ENSEMBLE; De par notre ouverture à l'autre, nos sourires et notre chaleur humaine nous pourront faire fondre les plus gros glaciers de l'ignorance et de l'individualisme frigorifiant!!! La fonte des glaciers s'approchent!!! Sinon..pingouin un jour, pingouin toujours...

lundi 3 janvier 2011

Pensée du moment- Thinking outloud

Mon cerveau balbutie parfois, même souvent, en langue seconde. En voici donc un extrait fragmenter sur la notion de sauveur;  
I was trying to woke up others, until I realize I was the only one asleep!! Meaning, life can be a dead end if you try to solve others dilemma…A no way out to a never ending story!! ( J'ai essayé de réveillé les autres, jusqu'à ce que je me rends compte que j'étais le seul à dormir!

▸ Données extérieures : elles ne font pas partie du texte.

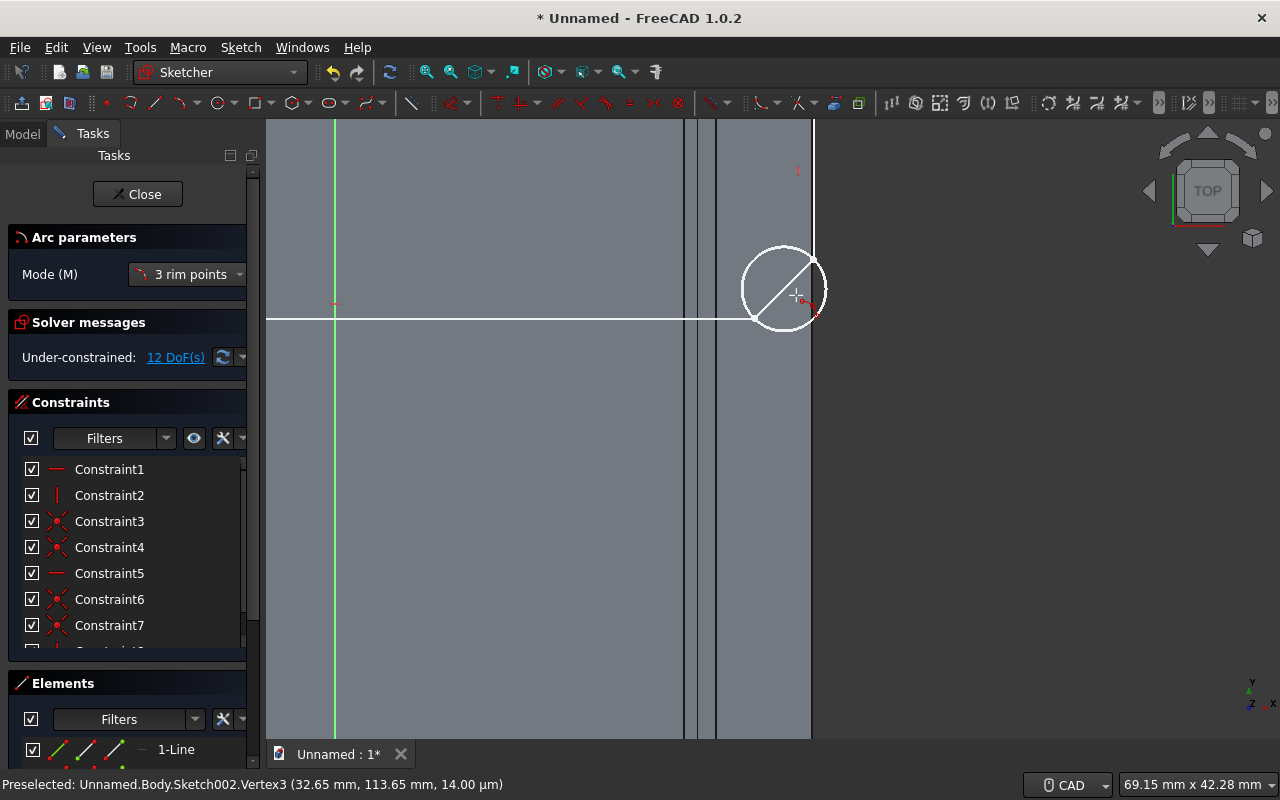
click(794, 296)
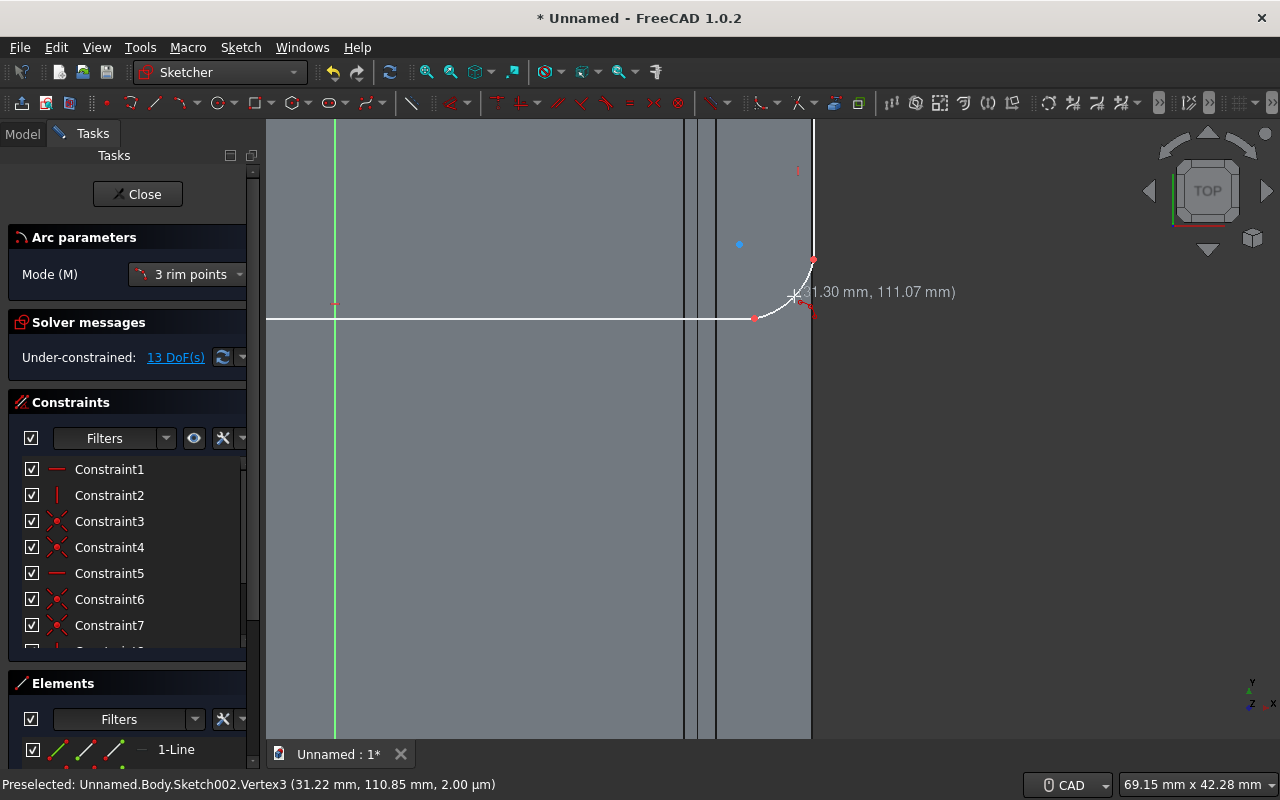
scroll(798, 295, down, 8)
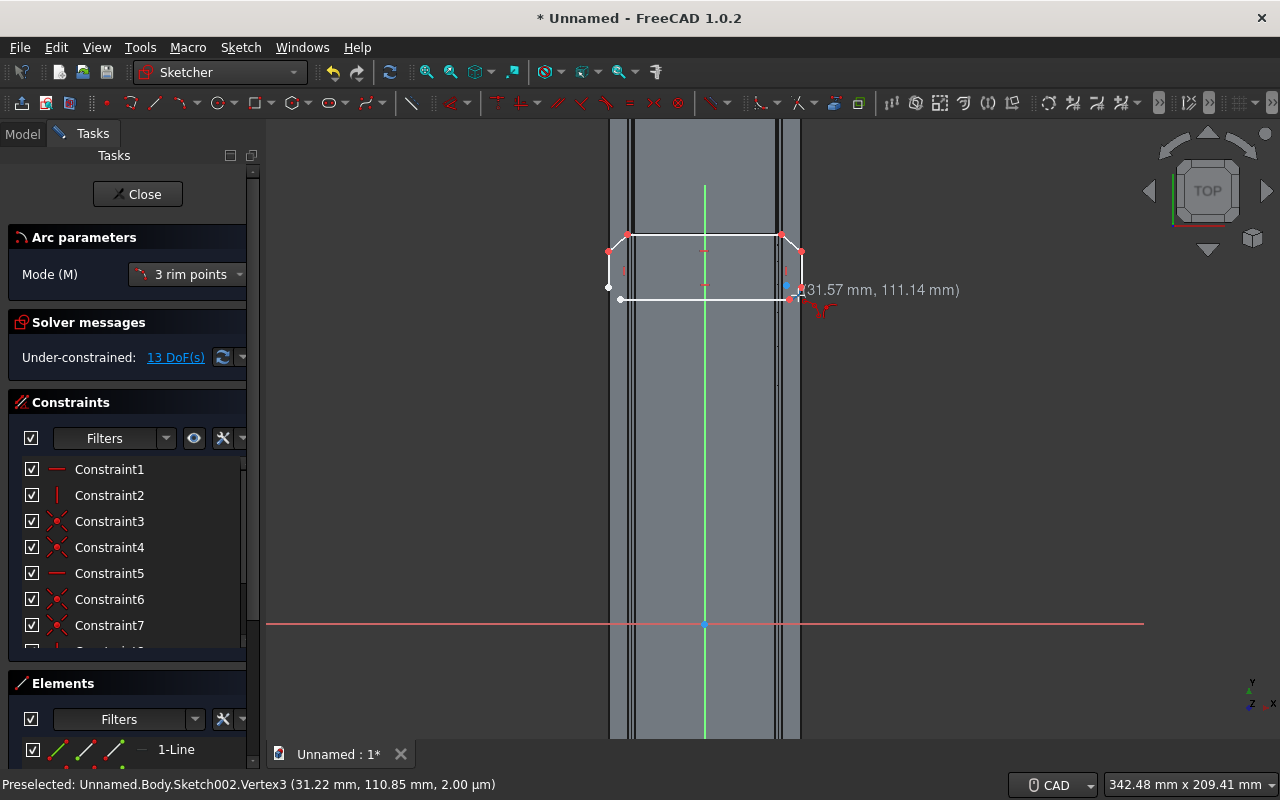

Dans le sens que la vie peut être une impasse si vous essayez de résoudre le dilemme d'autres ... Le sens unique d' une histoire sans fin! )

Dans cette même ligne de pensée et après mûres réflexions, je réalise que nous, les blancs,par notre obsession du plus, toujours plus, ( sous l'anonymat de la peur du vide!) avons créer le gouffre du non-retour.

Une société  emballé par des petits moments de "sous-vide" baignant dans l'illusion de la séparation, et soumise aux règles du temps psychologique ne peux répondre à ce malaise que par la maladie mentale et/ou autres formes de dépendances . À mon humble avis, seul un retour véritables au sacré et aux "vrais valeurs humaines" nous permettra de rééquilibrer le tout. Sinon, de dire, toutes les missions humanitaires, les grands projets ne seront que poudre aux yeux. Encore une fois, mon âme "nomadique" répond à sa façon!